Here, I use FAISS as the vectorstore. Faiss is a library for efficient similarity search and clustering of dense vectors. You can also use alternatives like Pinecone, Qdrant, or Chroma.

In [48]:
# Create the vector store using the texts and embeddings and put it in a Chroma db

docsearch = FAISS.from_texts(texts, embeddings, metadatas=[{"source": str(i)} for i in range(len(texts))])

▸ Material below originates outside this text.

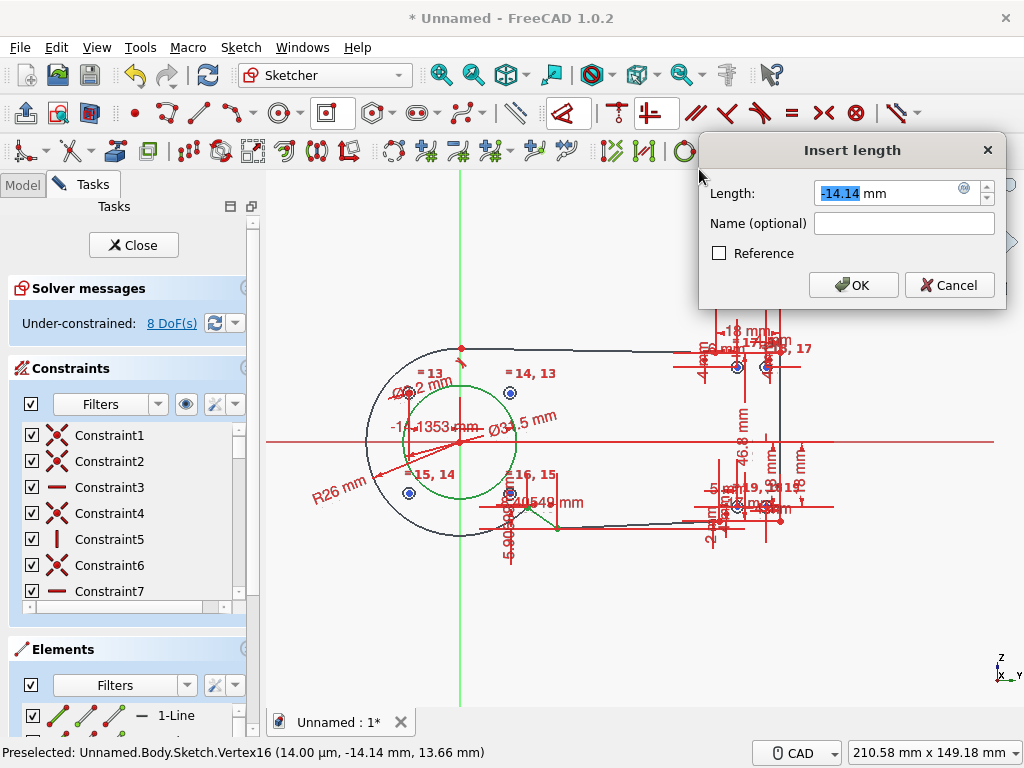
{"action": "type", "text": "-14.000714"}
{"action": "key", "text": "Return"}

**Set the LLM Model & Prompt our LLM using Context from the Chroma Vectorstore**

In [68]:
# Define the local LLM Model we will use
llm = Ollama(model='llama2')

**Create the Prompt**

We'll use a qa chain - since we'd like to ask questions and get answers and continue asking questions.

In [69]:
# Prompt 
from langchain import hub
rag_prompt = hub.pull("rlm/rag-prompt")
from langchain.chains.question_answering import load_qa_chain


In [70]:
# Chain
chain = load_qa_chain(llm, chain_type="stuff", prompt=rag_prompt)

**Set a Query**

In [81]:
# Define a query
query = "What are the self-evident propositions in this speech?"

In [82]:
# Find similar documents to the search query 
docs = docsearch.similarity_search(query)

In [83]:
# Display the docs determined to be semantically similar to the query
docs

[Document(page_content='among men to secure these rights, and that governments derive their just powers from the consent of', metadata={'source': '5'}),
 Document(page_content='weight of their own armaments. A republic whose flag is loved by other flags are only tears. The', metadata={'source': '11'}),
 Document(page_content='propaming to the world the self-evident propositions that all men are created equal, that they are', metadata={'source': '3'}),
 Document(page_content='the coming of a universal brotherhood. A republic which shakes roads and dissolves their', metadata={'source': '14'})]

**Generate a Response Using a Chain Completion Request**

In [84]:
# Set a response variable to the output of the chain
response = chain({"input_documents": docs, "question": query}, return_only_outputs=True)

**Display the response**

In [85]:
print(response["output_text"])

 Based on the provided context, the self-evident propositions in the speech are:

1. All men are created equal.
2. Governments derive their just powers from the consent of the governed.
3. The republic is a symbol of the universal brotherhood of mankind.